[Input data]

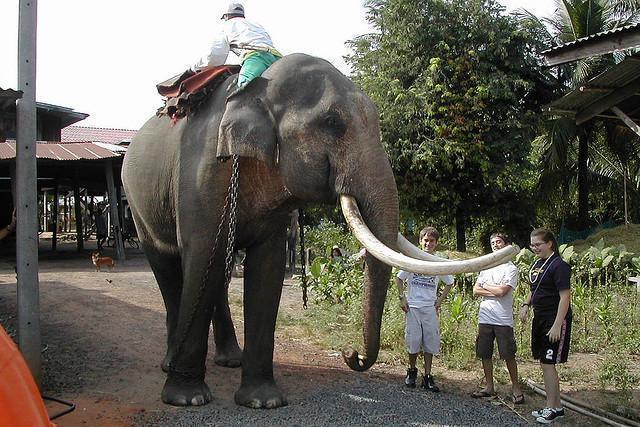Why is it unusual for elephants to have tusks this big?
Answer the question by selecting the correct answer among the 4 following choices.
Options: Attracts poachers, grooming habits, impossibility, abnormality. Attracts poachers. 
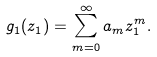<formula> <loc_0><loc_0><loc_500><loc_500>g _ { 1 } ( z _ { 1 } ) = \sum _ { m = 0 } ^ { \infty } a _ { m } z _ { 1 } ^ { m } .</formula> 
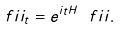Convert formula to latex. <formula><loc_0><loc_0><loc_500><loc_500>\ f i i _ { t } = e ^ { i t H } \ f i i .</formula> 
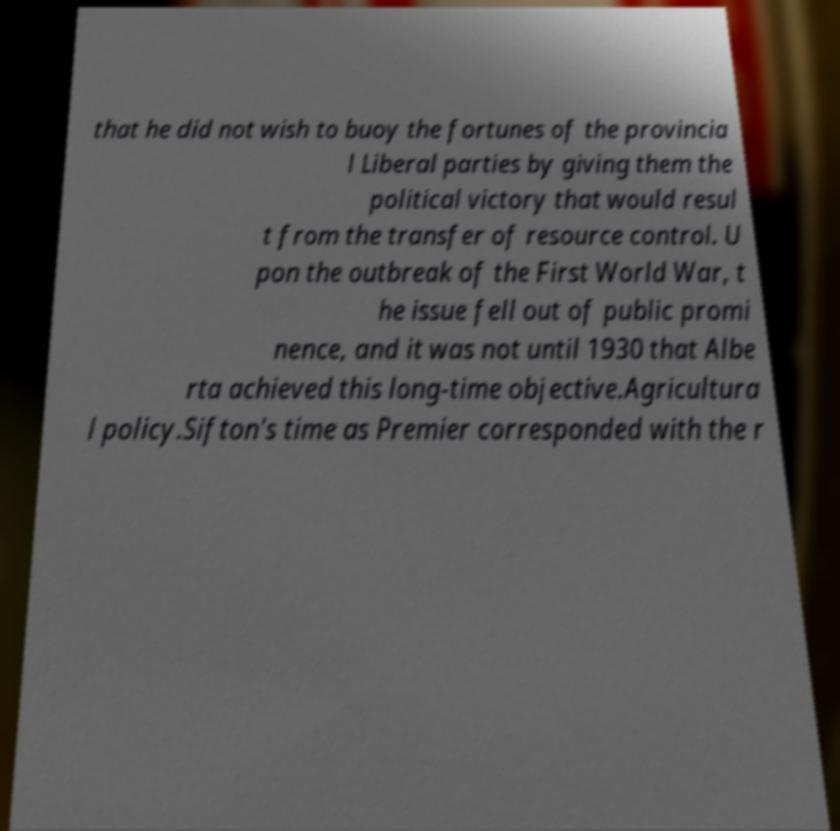Please read and relay the text visible in this image. What does it say? that he did not wish to buoy the fortunes of the provincia l Liberal parties by giving them the political victory that would resul t from the transfer of resource control. U pon the outbreak of the First World War, t he issue fell out of public promi nence, and it was not until 1930 that Albe rta achieved this long-time objective.Agricultura l policy.Sifton's time as Premier corresponded with the r 
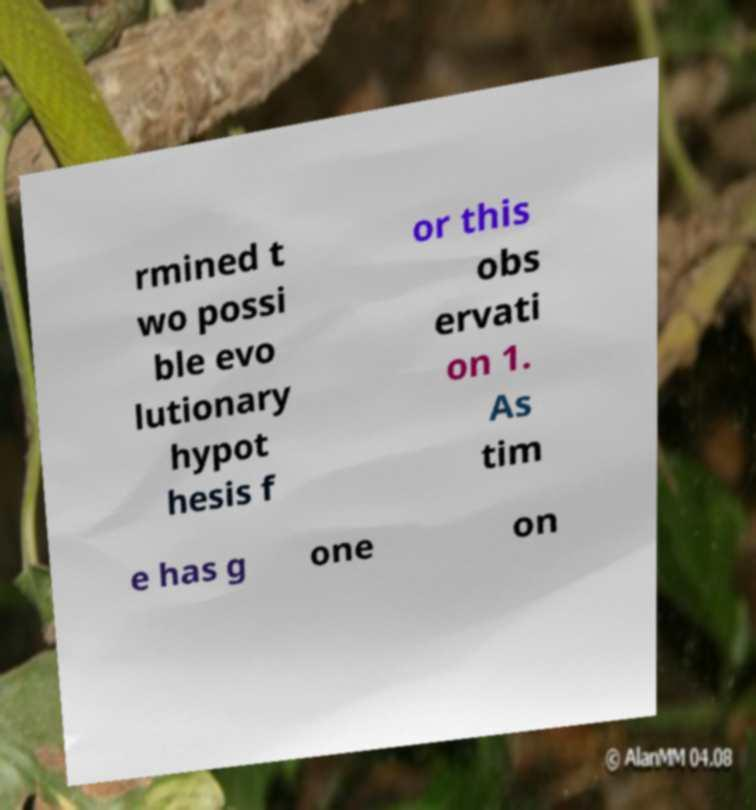There's text embedded in this image that I need extracted. Can you transcribe it verbatim? rmined t wo possi ble evo lutionary hypot hesis f or this obs ervati on 1. As tim e has g one on 
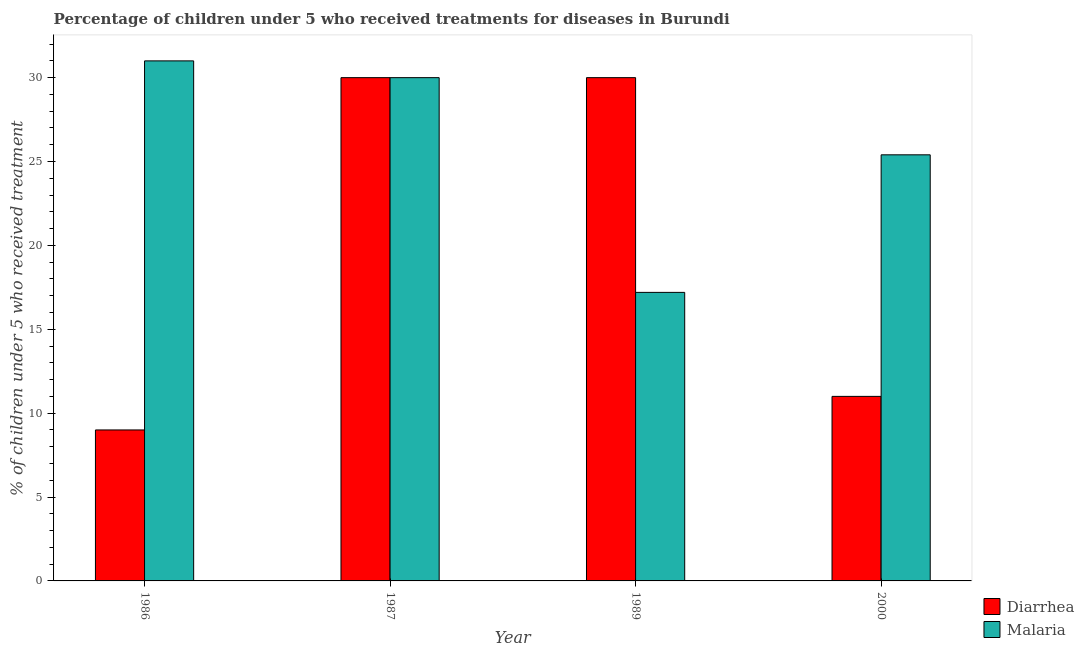How many different coloured bars are there?
Provide a succinct answer. 2. How many groups of bars are there?
Your answer should be very brief. 4. Are the number of bars on each tick of the X-axis equal?
Offer a very short reply. Yes. How many bars are there on the 4th tick from the right?
Keep it short and to the point. 2. What is the label of the 2nd group of bars from the left?
Provide a short and direct response. 1987. What is the percentage of children who received treatment for diarrhoea in 1989?
Your response must be concise. 30. Across all years, what is the minimum percentage of children who received treatment for malaria?
Ensure brevity in your answer.  17.2. What is the total percentage of children who received treatment for malaria in the graph?
Provide a succinct answer. 103.6. What is the difference between the percentage of children who received treatment for malaria in 1987 and that in 2000?
Provide a succinct answer. 4.6. What is the average percentage of children who received treatment for diarrhoea per year?
Offer a very short reply. 20. In the year 1986, what is the difference between the percentage of children who received treatment for diarrhoea and percentage of children who received treatment for malaria?
Your answer should be very brief. 0. What is the ratio of the percentage of children who received treatment for diarrhoea in 1986 to that in 2000?
Your answer should be very brief. 0.82. What is the difference between the highest and the second highest percentage of children who received treatment for diarrhoea?
Provide a succinct answer. 0. Is the sum of the percentage of children who received treatment for malaria in 1989 and 2000 greater than the maximum percentage of children who received treatment for diarrhoea across all years?
Offer a very short reply. Yes. What does the 2nd bar from the left in 2000 represents?
Make the answer very short. Malaria. What does the 1st bar from the right in 1987 represents?
Provide a short and direct response. Malaria. Are all the bars in the graph horizontal?
Give a very brief answer. No. How many years are there in the graph?
Your answer should be compact. 4. Are the values on the major ticks of Y-axis written in scientific E-notation?
Your answer should be compact. No. Does the graph contain grids?
Make the answer very short. No. What is the title of the graph?
Your answer should be very brief. Percentage of children under 5 who received treatments for diseases in Burundi. What is the label or title of the Y-axis?
Your answer should be very brief. % of children under 5 who received treatment. What is the % of children under 5 who received treatment of Diarrhea in 1986?
Keep it short and to the point. 9. What is the % of children under 5 who received treatment of Diarrhea in 1987?
Make the answer very short. 30. What is the % of children under 5 who received treatment of Malaria in 1987?
Give a very brief answer. 30. What is the % of children under 5 who received treatment in Malaria in 1989?
Keep it short and to the point. 17.2. What is the % of children under 5 who received treatment of Diarrhea in 2000?
Offer a terse response. 11. What is the % of children under 5 who received treatment in Malaria in 2000?
Offer a terse response. 25.4. Across all years, what is the maximum % of children under 5 who received treatment of Diarrhea?
Ensure brevity in your answer.  30. What is the total % of children under 5 who received treatment in Malaria in the graph?
Ensure brevity in your answer.  103.6. What is the difference between the % of children under 5 who received treatment of Diarrhea in 1986 and that in 1987?
Your response must be concise. -21. What is the difference between the % of children under 5 who received treatment in Malaria in 1986 and that in 2000?
Your response must be concise. 5.6. What is the difference between the % of children under 5 who received treatment of Diarrhea in 1987 and that in 2000?
Your answer should be very brief. 19. What is the difference between the % of children under 5 who received treatment in Diarrhea in 1989 and that in 2000?
Give a very brief answer. 19. What is the difference between the % of children under 5 who received treatment of Diarrhea in 1986 and the % of children under 5 who received treatment of Malaria in 2000?
Ensure brevity in your answer.  -16.4. What is the difference between the % of children under 5 who received treatment in Diarrhea in 1987 and the % of children under 5 who received treatment in Malaria in 2000?
Provide a short and direct response. 4.6. What is the difference between the % of children under 5 who received treatment of Diarrhea in 1989 and the % of children under 5 who received treatment of Malaria in 2000?
Keep it short and to the point. 4.6. What is the average % of children under 5 who received treatment in Malaria per year?
Offer a terse response. 25.9. In the year 1986, what is the difference between the % of children under 5 who received treatment of Diarrhea and % of children under 5 who received treatment of Malaria?
Offer a terse response. -22. In the year 1987, what is the difference between the % of children under 5 who received treatment in Diarrhea and % of children under 5 who received treatment in Malaria?
Make the answer very short. 0. In the year 1989, what is the difference between the % of children under 5 who received treatment of Diarrhea and % of children under 5 who received treatment of Malaria?
Provide a succinct answer. 12.8. In the year 2000, what is the difference between the % of children under 5 who received treatment in Diarrhea and % of children under 5 who received treatment in Malaria?
Offer a very short reply. -14.4. What is the ratio of the % of children under 5 who received treatment in Diarrhea in 1986 to that in 1989?
Ensure brevity in your answer.  0.3. What is the ratio of the % of children under 5 who received treatment of Malaria in 1986 to that in 1989?
Make the answer very short. 1.8. What is the ratio of the % of children under 5 who received treatment of Diarrhea in 1986 to that in 2000?
Provide a short and direct response. 0.82. What is the ratio of the % of children under 5 who received treatment in Malaria in 1986 to that in 2000?
Your answer should be very brief. 1.22. What is the ratio of the % of children under 5 who received treatment of Malaria in 1987 to that in 1989?
Provide a short and direct response. 1.74. What is the ratio of the % of children under 5 who received treatment in Diarrhea in 1987 to that in 2000?
Keep it short and to the point. 2.73. What is the ratio of the % of children under 5 who received treatment of Malaria in 1987 to that in 2000?
Provide a succinct answer. 1.18. What is the ratio of the % of children under 5 who received treatment in Diarrhea in 1989 to that in 2000?
Your answer should be compact. 2.73. What is the ratio of the % of children under 5 who received treatment of Malaria in 1989 to that in 2000?
Provide a short and direct response. 0.68. What is the difference between the highest and the second highest % of children under 5 who received treatment in Diarrhea?
Keep it short and to the point. 0. What is the difference between the highest and the second highest % of children under 5 who received treatment of Malaria?
Give a very brief answer. 1. What is the difference between the highest and the lowest % of children under 5 who received treatment of Diarrhea?
Give a very brief answer. 21.

[/Input data]

Your instructions: Please, from the entries above, set down exactly the lines from the one containing "Provide a short and direct response. 0.68." through the one containing "Keep it short and to the point. 0.", and only those.

Result of this exercise:
Provide a short and direct response. 0.68. What is the difference between the highest and the second highest % of children under 5 who received treatment in Diarrhea?
Keep it short and to the point. 0. What is the difference between the highest and the second highest % of children under 5 who received treatment of Malaria?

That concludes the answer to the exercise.